Heathrow's sea of humanity. Reuter/Stephen Hird

Are they becoming victims of their own success?

It’s a happy day for London’s two largest airports, with both Heathrow and Gatwick reporting record-setting passenger traffic in 2014.

More than 73 million people passed through Heathrow’s terminals, or roughly twice as many as at Gatwick:

But Gatwick grew faster than its cross-city rival for the fourth year in a row. Its passenger traffic rose by nearly 8% last year, versus just over 1% at Heathrow:

In the same breath as they announced their new traffic records, however, both airports’ executives took the opportunity to launch the latest salvos in an increasingly acrimonious battle. For years the UK Airports Commission has been studying the options for boosting the capacity of London’s overstretched airports, and late last year it narrowed them down to a choice between new or expanded runways at either Heathrow or Gatwick, with a final decision expected later this year.
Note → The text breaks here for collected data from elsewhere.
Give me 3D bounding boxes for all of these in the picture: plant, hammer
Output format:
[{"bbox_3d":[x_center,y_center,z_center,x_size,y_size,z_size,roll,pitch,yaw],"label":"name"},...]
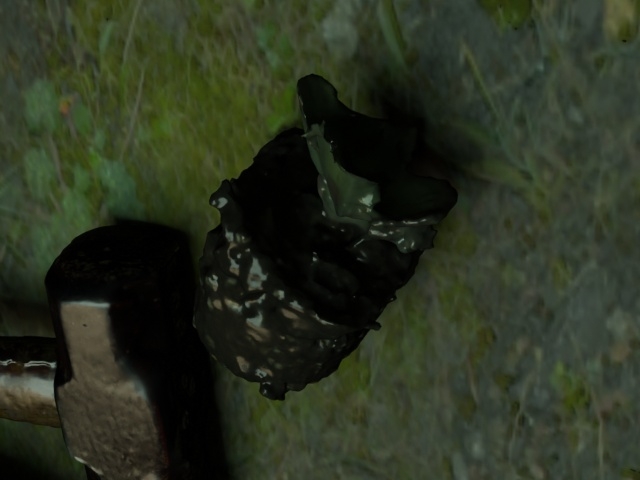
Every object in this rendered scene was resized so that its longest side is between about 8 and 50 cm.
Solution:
[{"bbox_3d":[0.000,0.000,1.211,0.142,0.131,0.203,33,130,14],"label":"plant"},{"bbox_3d":[-0.281,0.101,1.421,0.408,0.095,0.242,4,122,13],"label":"hammer"}]

The lobbying to be the one that expands is fierce. Heathrow, which is already running near full capacity, recently attracted Vietnam Airlines away from Gatwick. Heathrow boss John Holland-Kaye said today that this “underlines that airlines can only make flights to many long-haul destinations viable from a hub airport like Heathrow.” In an interview last week, Holland-Kaye dismissed Gatwick as useful for jetting away for “holidays in the sun,” but not much else.

For his part, Gatwick finance chief Nick Dunn said that expanding Heathrow represents “a backwards step towards higher fares, less choice, and the monopolies of the past.” And of the “holidays in the sun” jibe, Gatwick CEO Stewart Wingate put out a tetchy statement accusing his Heathrow counterpart of patronizing his own passengers: “We would respectfully remind Mr Holland-Kaye that 70% per cent of travellers use Heathrow for leisure and one in five passengers fly from Gatwick for business.”

Heathrow and Gatwick are, in many ways, victims of their own success. The airports run closer to full capacity than most other big airports around the world, leaving little room for error when things inevitably go wrong. The latest airport punctuality statistics show that a quarter of flights at each one consistently run late:

The increasingly cranky war of words between airport bosses is somewhat entertaining—unless you’re a passenger stuck at Heathrow or Gatwick. Better for the government to make a decision about relieving London’s growing airport congestion as quickly as possible.